La Bufadora and the Agua Blanca Fault
After a continental breakfast of camp coffee (Starbucks!), orange juice and bagels, we headed up and over the hill to La Bufadora to meet Jorge Ledesma. He gave an impromptu lecture on the marine terraces, the Agua Blanca Fault, and the Alisitos Formation, as well as the Santiago Peak Volcanics in Baja California Norte.
One of the most visited places in Ensenada is La Bufadora [The blowhole], which forms a natural phenomenon unique in the zone. It consists of a fracture in rocks from the Alisitos Formation at sea level from which the waves enter. The seawater then rises and occupies the fracture. The water is the expelled by the air from the bottom of the fracture on the new wave arrival, expelling the water like a giant geyser to heights up to 15 meters.
Traveling from Ensenada to the south, the highway is on Pleistocene marine terraces [5e] that lap against metavoicanic hills to the west. Those hills are made up of pyroclastic rhyolite and dacite in a large syncline which plunges to the west. The whole section is almost 2,400 meters thick, and it constitutes the lower most part of the Alisitos Formation, the section is more lithologically related to the Santiago Peak volcanic unit, than the Alisitos Fm south of the Aqua Blanca fault. According to Wetmore and others , the Santiago Peak arc segment was develop on oceanic basement that had been structurally juxtaposed with the continental margin prior to arc magmatism, and the Alisitos arc segment and its oceanic basement was exotic to North America prior to its accretion in the late Early Cretaceous. The same authors state that the currently active Aqua Blanca fault is an inherited structure that originated as a sinistral transpressional continuation of the suture that juxtaposes the Alisitos arc segment with the continent.

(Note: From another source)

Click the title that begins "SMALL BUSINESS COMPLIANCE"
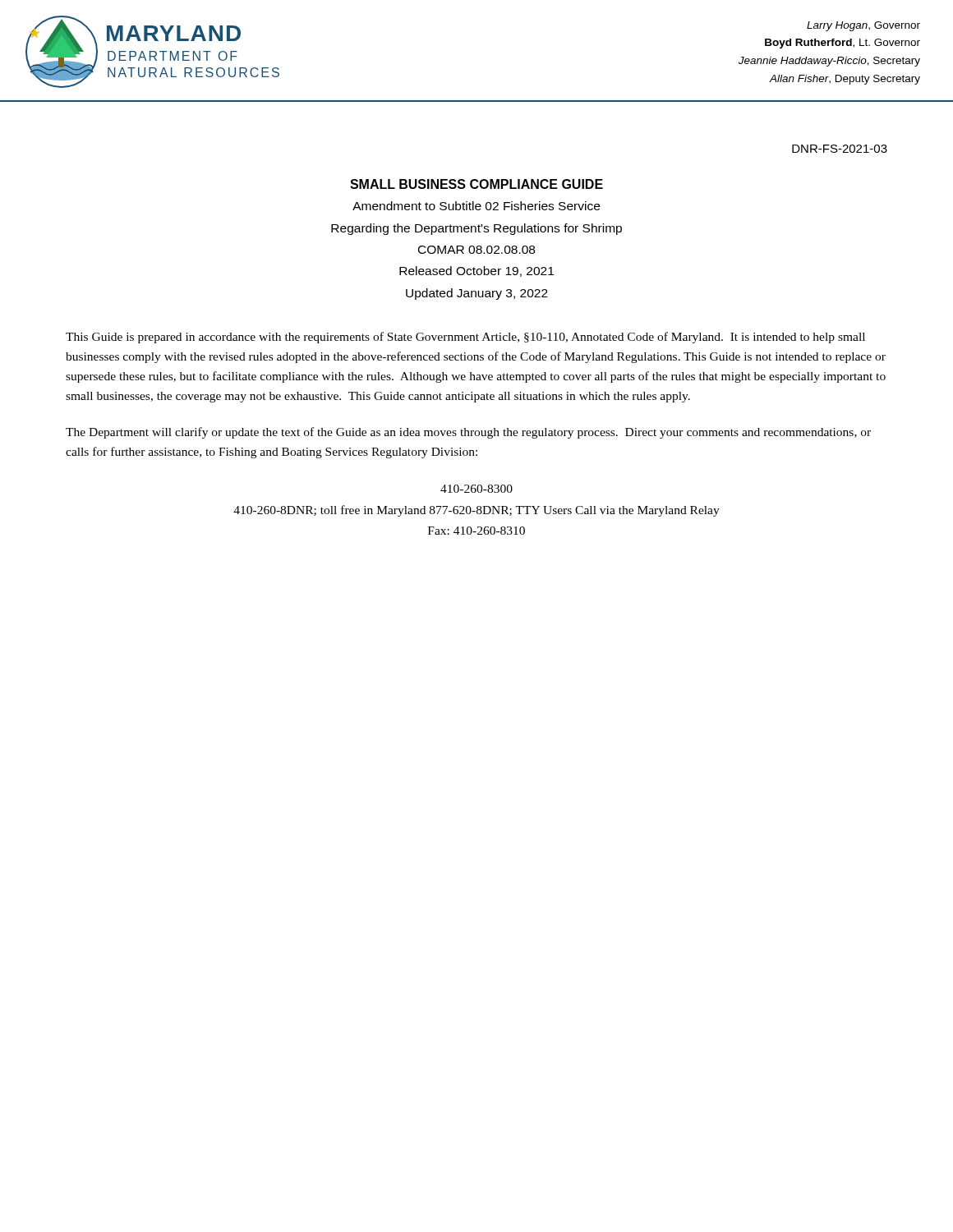The height and width of the screenshot is (1232, 953). tap(476, 239)
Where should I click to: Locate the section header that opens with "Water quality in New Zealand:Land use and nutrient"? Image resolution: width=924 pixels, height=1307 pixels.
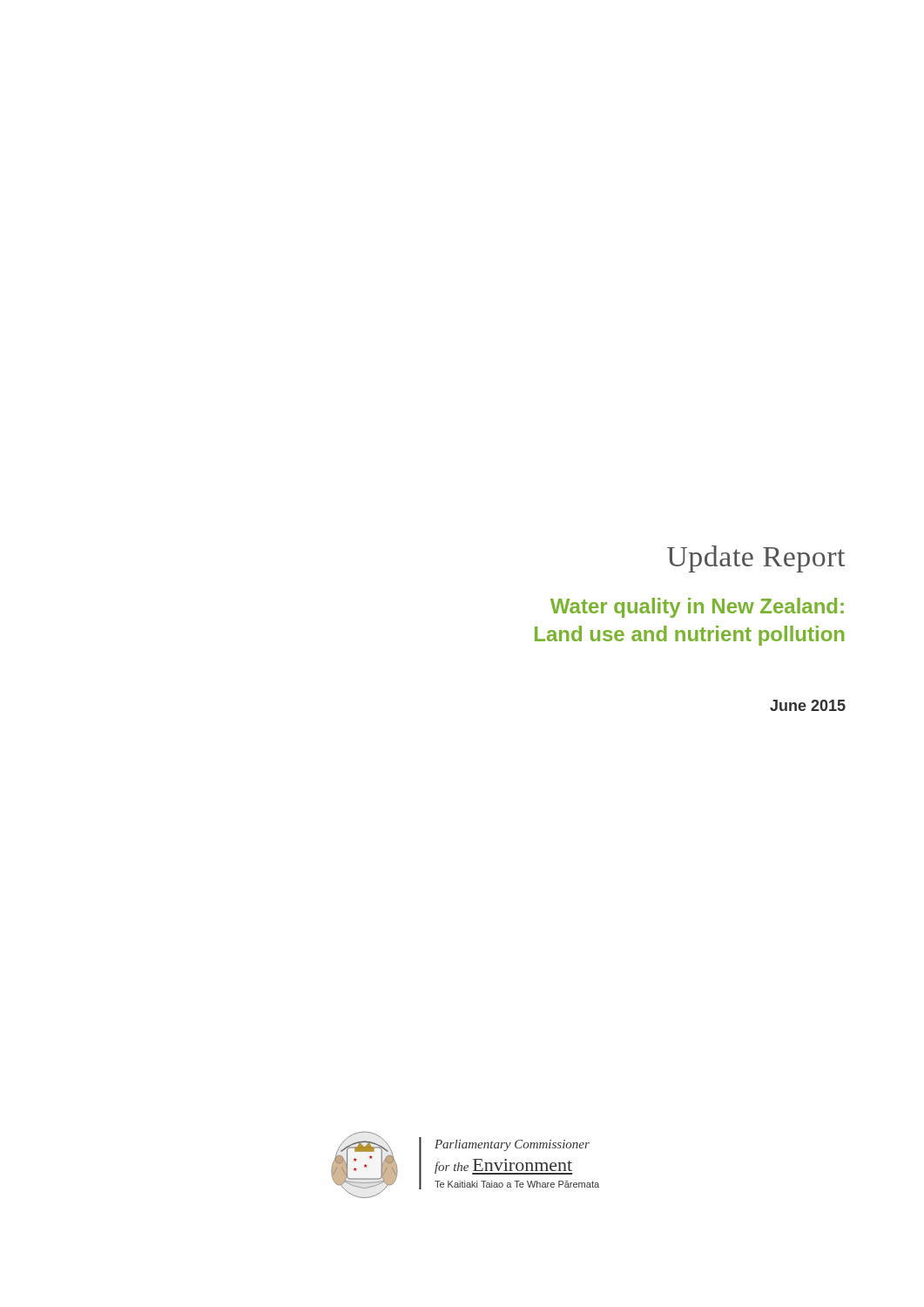[689, 620]

The Aqua Blanca Fault [ABF] is the most dominant feature in northern Baja California, the fault is geomorphically very well expressed, with strike slip features such as scarps, lateral offsetting of streams, fault controlled valleys, and hot springs. Allen and others  had determined a 22 Km right lateral displacement west of Valle de Aqua Blanca.
The total extent of the ABF on land is 130 Km, and Rockwell and others  had estimated the slip rate from late Pleistocene to Holocene to be about 4.1 to 4.3 mm/year. The fault shows three major right steeping segments that extent from the western part of Valle de La Trinidad to Valle Aqua Blanca, from Aqua Blanca to Valle de Santo Tomas, and from Valle de Santo Tomas to Punta Banda. At Punta Banda, the fault consists of a single, mostly vertical main trace with minor branches. Both the valley of Maneadero and the associated Estero de Punta Banda are a couple of geomorphic expressions developed by the activity on the fault. Punta Banda is the geographic name for the peninsula that protrudes from land into the Pacific Ocean, as a result of activity on the same ABF. It is a range up to 1,000 meters above sea level. Here, the ABF juxtaposes rocks from the Alisitos Formation, and sedimentary units from the Rosario Formation, characterized by sandstone and lesser amount of conglomerate. Most of the peninsula is made up from Alisitos material.
Rockwell and others  described a suite of 14 Pleistocene marine terraces on the peninsula of Punta Banda, from 15 m for the lowermost to 300 m for the highest one. They used corals to date these terraces, obtaining an age of 80 Ka [5a] at the first terrace. Then they got 120 Ka [5e] for the third terrace. The uplift rate for late Quaternary for the peninsula is of 0.16 to 0.29 m/Ka. Based on an assumed constant rate, Rockwell and others, estimated that the fourth and fifth terraces to represent isotope stages 7 [200 Ka] and 9 [350 Ka]. Overall, the lateral displacement is the main component of slip along the ABF.